Book looked over and picked up a Bible and set it on the small table in Black’s cell.
“Neil said Black asked for this Bible,” Book said as he fanned the pages. “Neil said he gave it to him and then shut the door. That was the last anyone saw of them.”
Virgil looked at me.
“Black got started right away on getting this frame out of the floor,” Virgil said.
“Took a while, too, I suspect,” I said.
Virgil nodded.
“Don’t figure they been out all that long,” Virgil said.
Melvin and Luis, two of Chastain’s young deputies, came quickly into the office. Melvin was a big strapping kid covered with a constellation of freckles and Luis was a small Mexican fella with deep-set eyes and a scruffy goatee.
They were both out of breath as they poked their heads in the door.

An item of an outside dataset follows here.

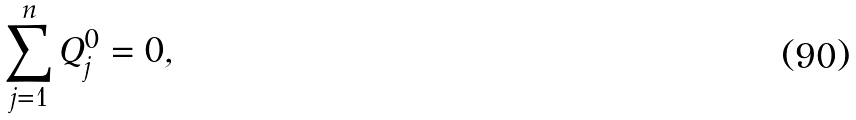Convert formula to latex. <formula><loc_0><loc_0><loc_500><loc_500>\sum _ { j = 1 } ^ { n } Q _ { j } ^ { 0 } = 0 ,</formula> 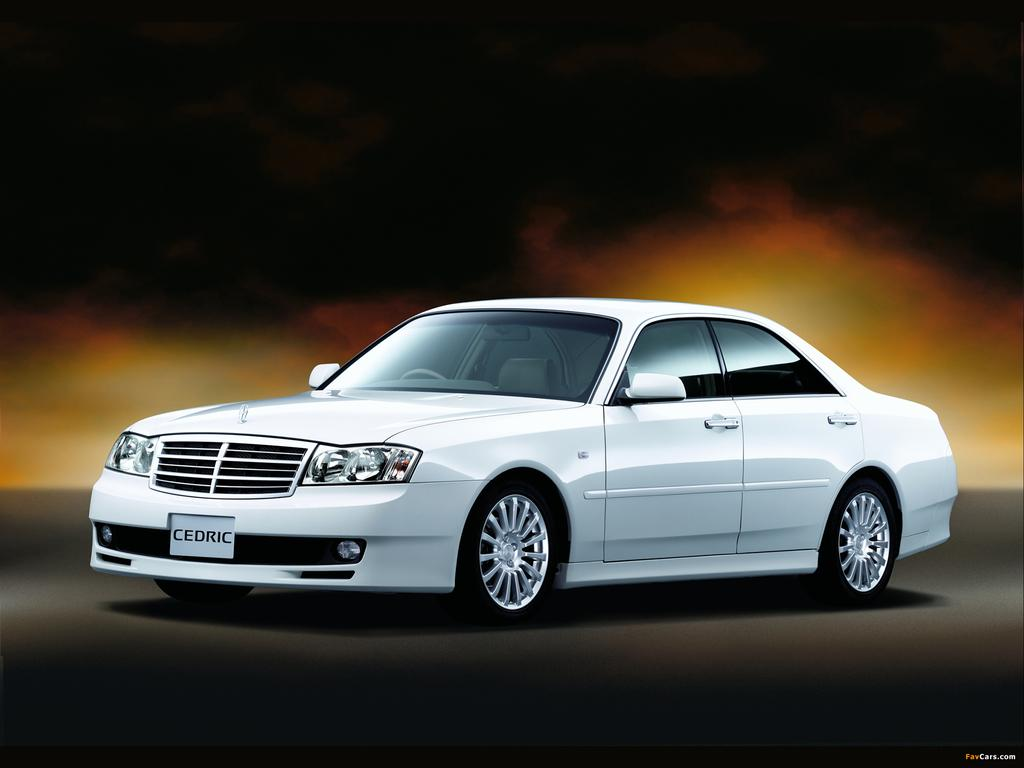What color is the car in the image? The car in the image is white. Where is the car located in the image? The car is parked on the ground. What can be observed about the background of the image? The background of the image is dark. How does the car's income affect the visibility of the lake in the image? There is no lake present in the image, and the car's income is not mentioned, so it cannot be determined how it would affect the visibility of a lake.

“We got something,” Luis said, leaning over and breathing hard.
“What?” Chastain said.
“Found two horses and two saddles that were stolen early this morning,” Melvin said.
“Where?” Virgil said as he moved toward Melvin and Luis.

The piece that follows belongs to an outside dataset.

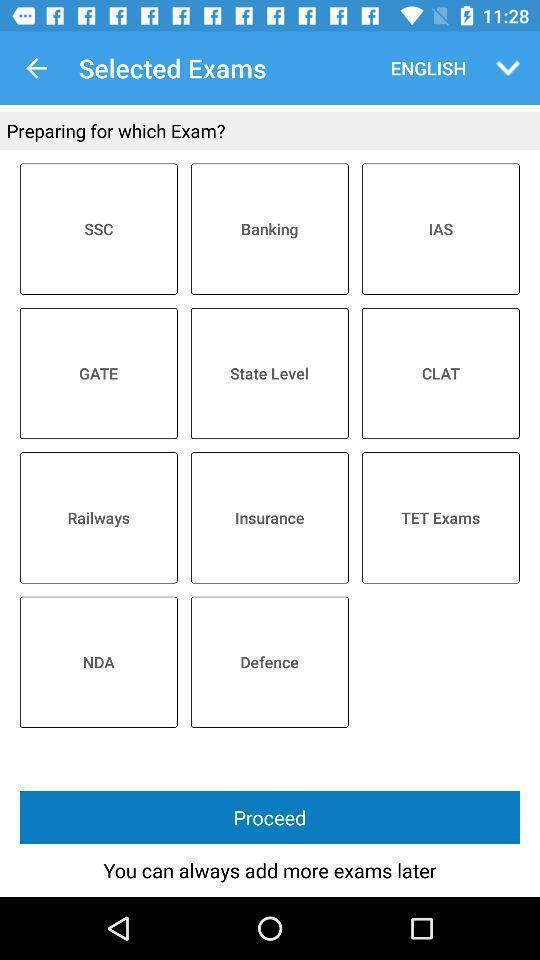Summarize the information in this screenshot. Social app showing list of exams.

The two deputies backed into the front office with Virgil. Chastain, Book, and I followed.
“They were taken from the corral behind Mankin’s Mining outfit at the end of Fourth,” Melvin said with a point in that direction.
“Anybody see Black or Truitt?” Chastain said.
“No, sir,” Luis said. “Mr. Mankin said he found one of his three horses standing outside of his bedroom window this morning.”
Melvin quickly nodded in agreement.
“Said it woke him up,” Melvin said. “‘Chewing on the damn sill of the window. Said he didn’t think too much about it, thought the other two horses were just out, wandering around grazing someplace, then he saw the shed door was open, too, looked inside and found that two of his saddles were missing.”
“What time was this?” Virgil said.
Luis looked to Melvin.
“About four this morning,” Melvin said.
“You boys get back out there and check with the others,” Virgil said to Melvin and Luis, “see if anybody’s seen anything.”
Virgil followed them out onto the boardwalk and we followed Virgil.
“Everybody,” Virgil said to Melvin and Luis as they mounted up, “needs to keep their eyes open.”
Melvin and Luis swung up in a hurry and rode off.
Chastain looked at his watch.
“Almost seven now,” he said.
“They most likely got out and got those horses pretty close to when Mankin found them gone,” I said.
“Still kind of early,” Book said. “Not too many folks up and moving about just yet.”
“What now?” Chastain said.
Virgil thought for a moment, then said, “Where’s the painter?”